To overcome this challenge, the researchers developed technology that isolates the various components of a real-world street scene and renders them as individual elements that can be resynthesized to create a multitude of photo-realistic driving scenarios.
With AADS, vehicles and pedestrians can be lifted from one environment and placed into another with the proper lighting and movement patterns. Roads can be recreated with different levels of traffic. Multiple viewing angles of every scene provide more realistic perspectives during lane changes and turns. In addition, advanced image processing technology enables smooth transitions and reduces distortion compared with other video simulation techniques. The image processing techniques are also used to extract trajectories, and thereby model driver behaviors.
“Because we’re using real-world video and real-world movements, our perception module has more accurate information than previous methods,” Manocha said. “And then, because of the realism of the simulator, we can better evaluate navigation strategies of an autonomous driving system.”
Manocha said that by publishing this work, the scientists hope some of the corporations developing self-driving vehicles might incorporate the same data-driven approach to improve their own simulators for testing and evaluating autonomous driving systems.
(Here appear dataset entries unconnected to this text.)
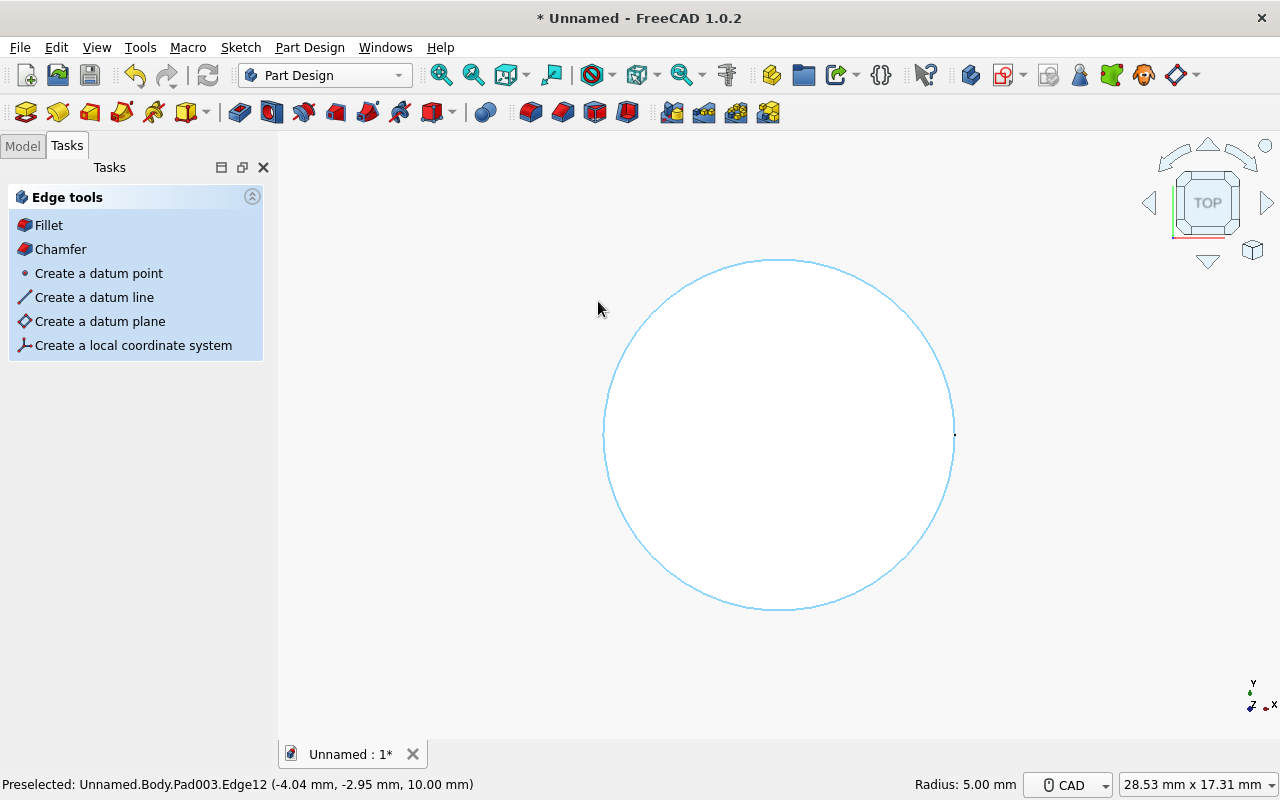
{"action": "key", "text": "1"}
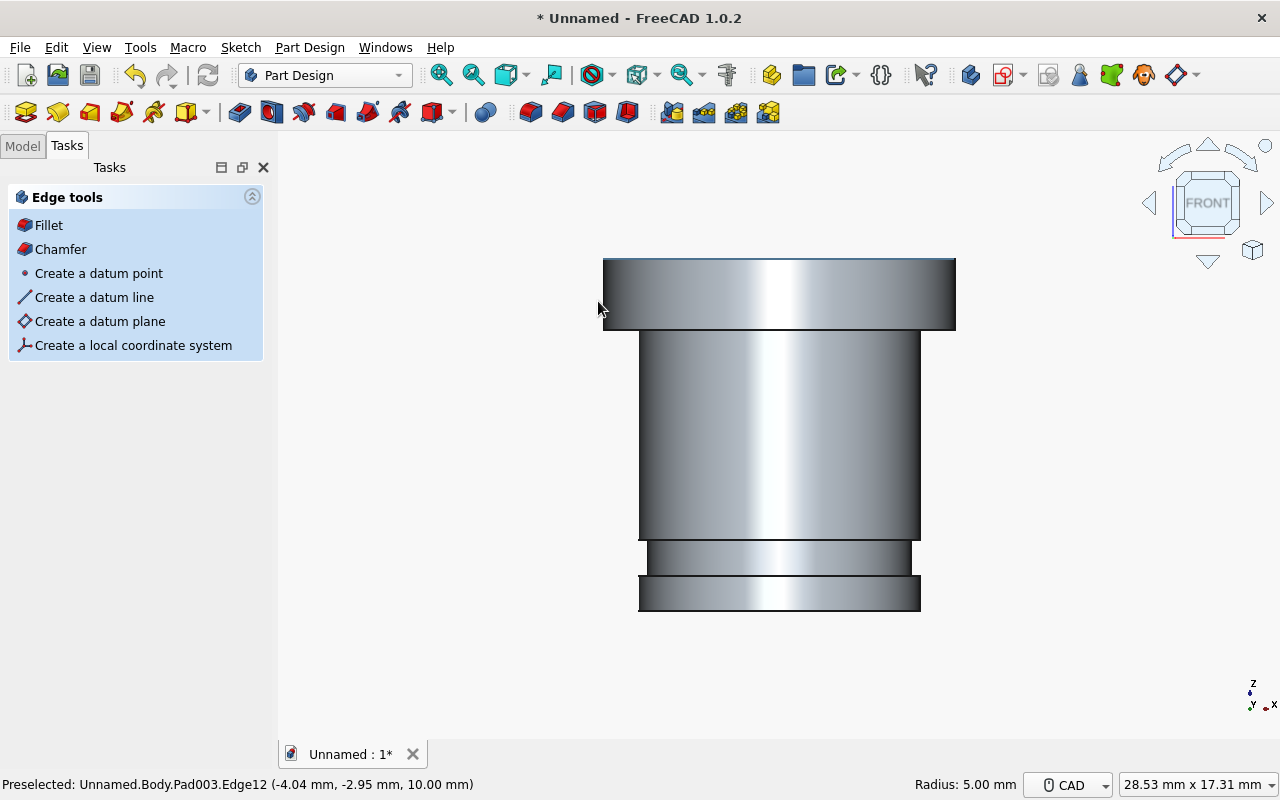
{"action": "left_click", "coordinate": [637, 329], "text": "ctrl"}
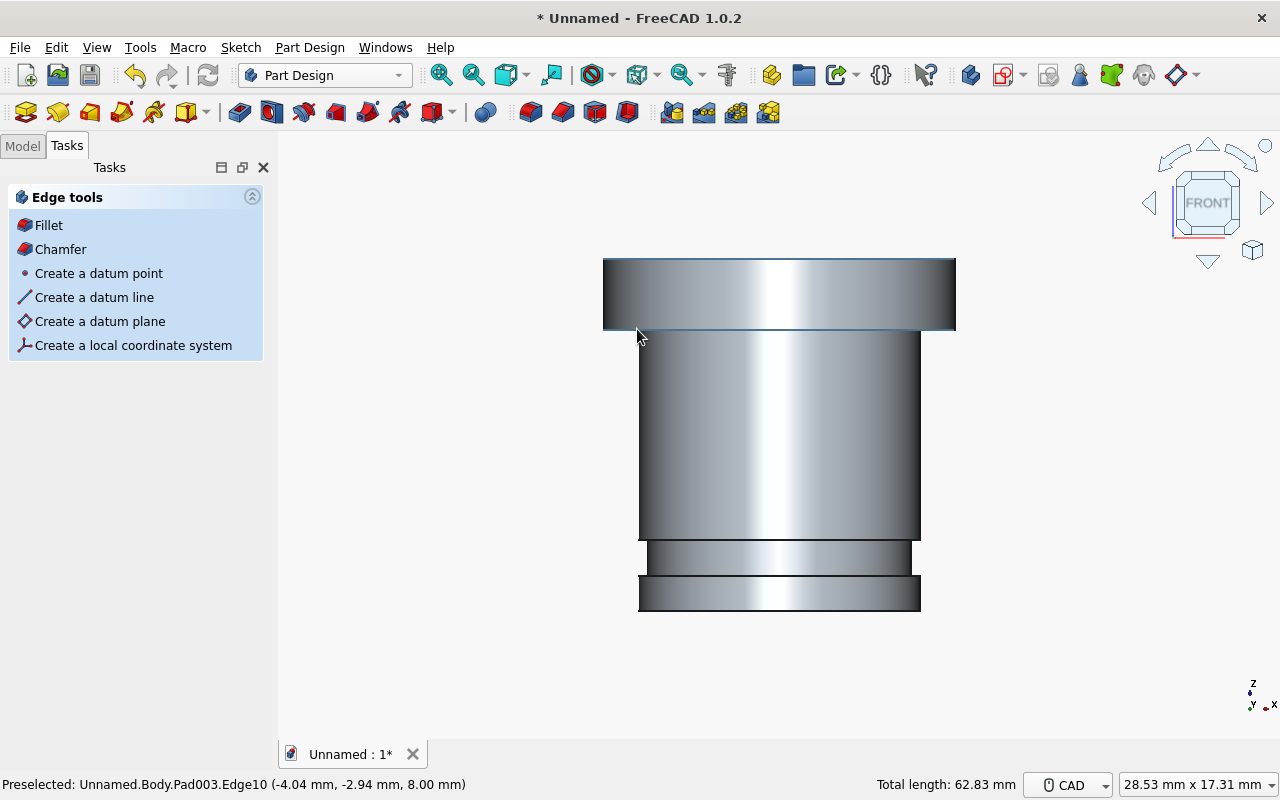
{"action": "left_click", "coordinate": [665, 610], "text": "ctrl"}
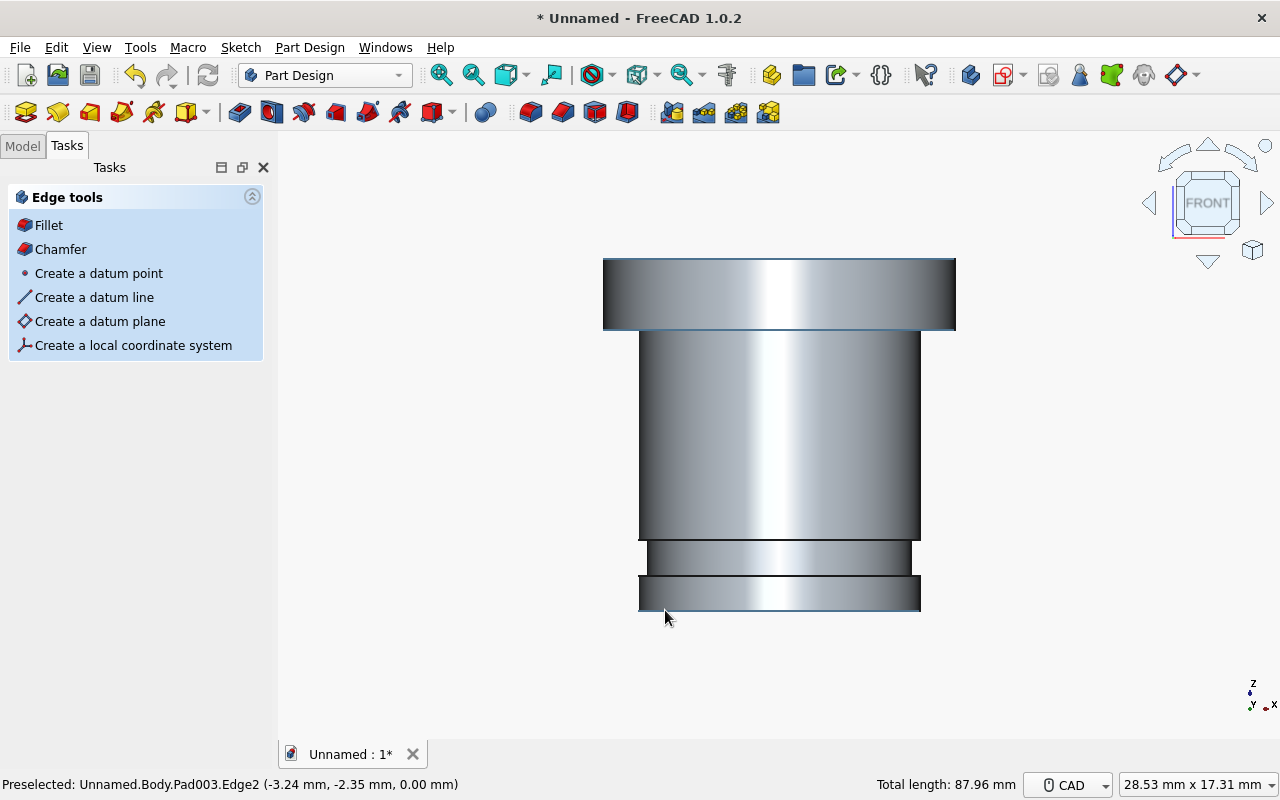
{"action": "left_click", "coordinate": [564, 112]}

The research paper, “AADS: Augmented autonomous driving simulation using data-driven algorithms,” W. Li, C. W. Pan, R. Zhang, J. P. Ren, Y. X. Ma, J. Fang, F. L. Yan, Q. C. Geng, X. Y. Huang, H. J. Gong, W. W. Xu, G. P. Wang, D. Manocha, R. G. Yang, was published in the journal Science Robotics on March 27, 2019.
This work was supported by the National Natural Science Foundation of China (Award No. 61732016). The content of this article does not necessarily reflect the views of this organization.